• **Assignment**: Report all lines of the data below that hold the word "need".

Start of Recorded information

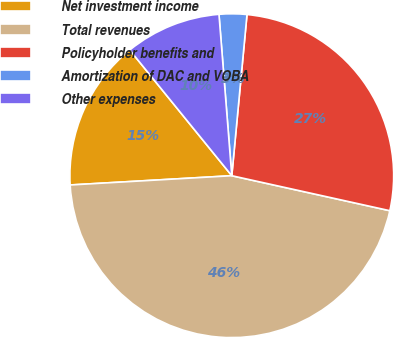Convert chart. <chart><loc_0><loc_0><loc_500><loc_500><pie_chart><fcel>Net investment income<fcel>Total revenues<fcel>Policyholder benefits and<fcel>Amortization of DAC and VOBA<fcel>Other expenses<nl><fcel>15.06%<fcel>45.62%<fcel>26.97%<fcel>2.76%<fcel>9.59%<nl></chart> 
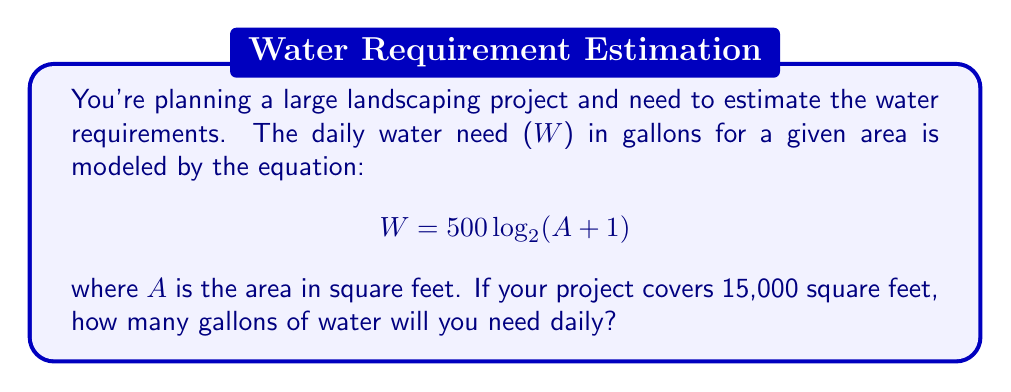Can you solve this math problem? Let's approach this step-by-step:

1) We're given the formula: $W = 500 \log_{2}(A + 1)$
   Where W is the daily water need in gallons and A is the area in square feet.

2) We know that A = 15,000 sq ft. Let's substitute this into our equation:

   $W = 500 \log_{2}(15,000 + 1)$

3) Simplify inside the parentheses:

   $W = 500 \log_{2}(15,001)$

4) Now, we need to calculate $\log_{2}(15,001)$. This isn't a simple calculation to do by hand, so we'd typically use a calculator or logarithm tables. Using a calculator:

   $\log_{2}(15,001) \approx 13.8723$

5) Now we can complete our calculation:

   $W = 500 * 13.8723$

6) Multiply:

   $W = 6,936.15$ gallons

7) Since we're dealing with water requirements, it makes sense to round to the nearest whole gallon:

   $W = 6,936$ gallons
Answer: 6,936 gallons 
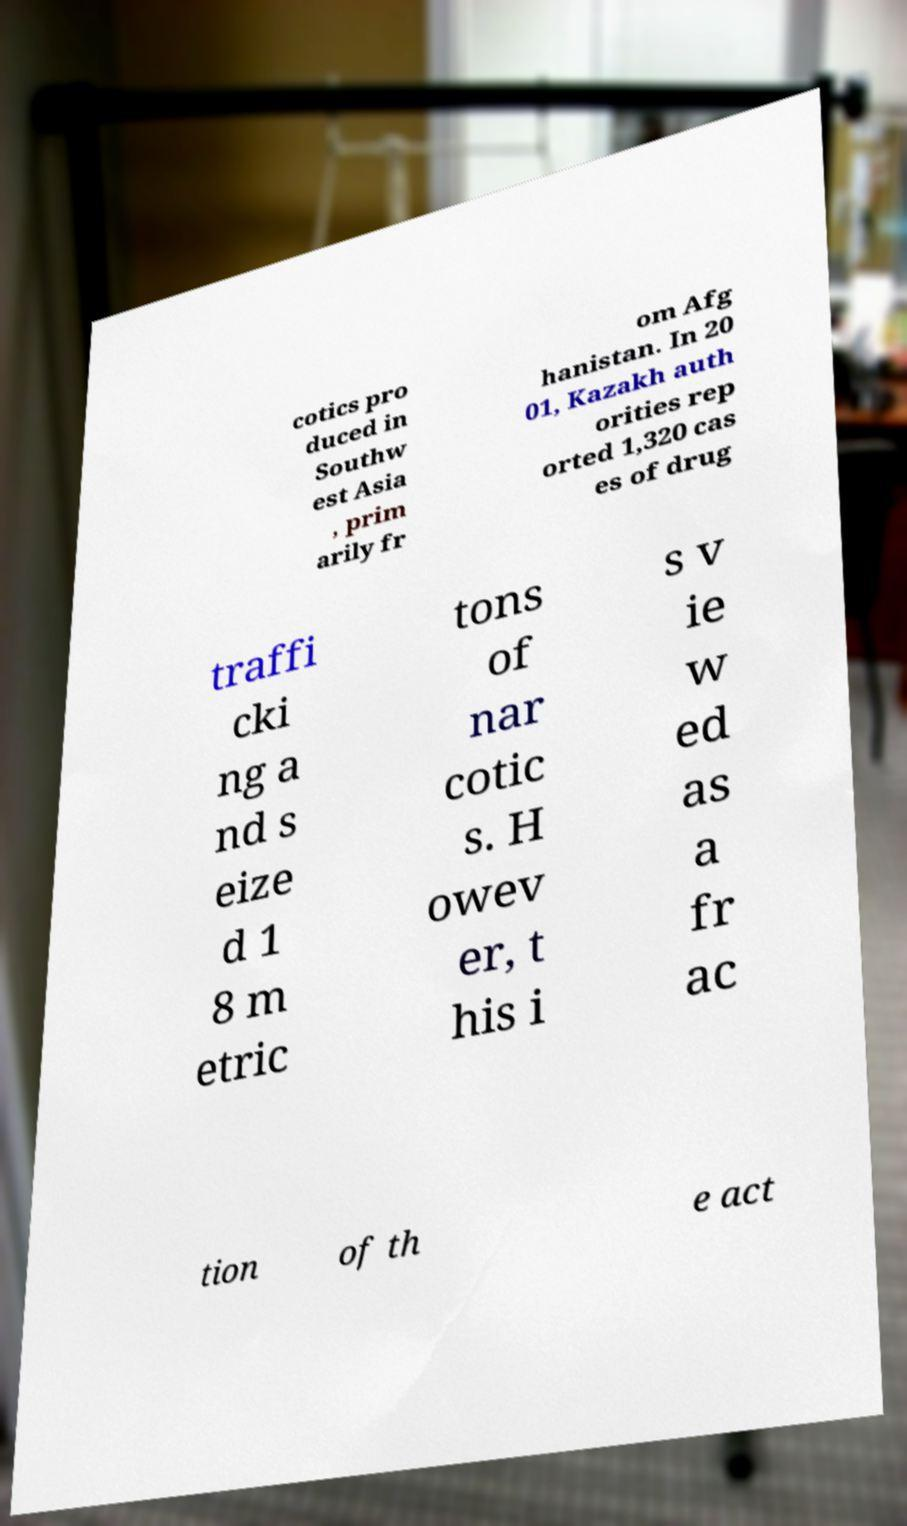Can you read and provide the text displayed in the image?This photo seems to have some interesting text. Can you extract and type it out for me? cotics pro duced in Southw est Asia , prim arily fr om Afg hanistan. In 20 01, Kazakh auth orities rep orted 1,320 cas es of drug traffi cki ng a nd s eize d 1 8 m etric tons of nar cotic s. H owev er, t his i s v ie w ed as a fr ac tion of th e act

End of Recorded information

• **Solution for this problem**:
   Where W is the daily water need in gallons and A is the area in square feet.
4) Now, we need to calculate $\log_{2}(15,001)$. This isn't a simple calculation to do by hand, so we'd typically use a calculator or logarithm tables. Using a calculator:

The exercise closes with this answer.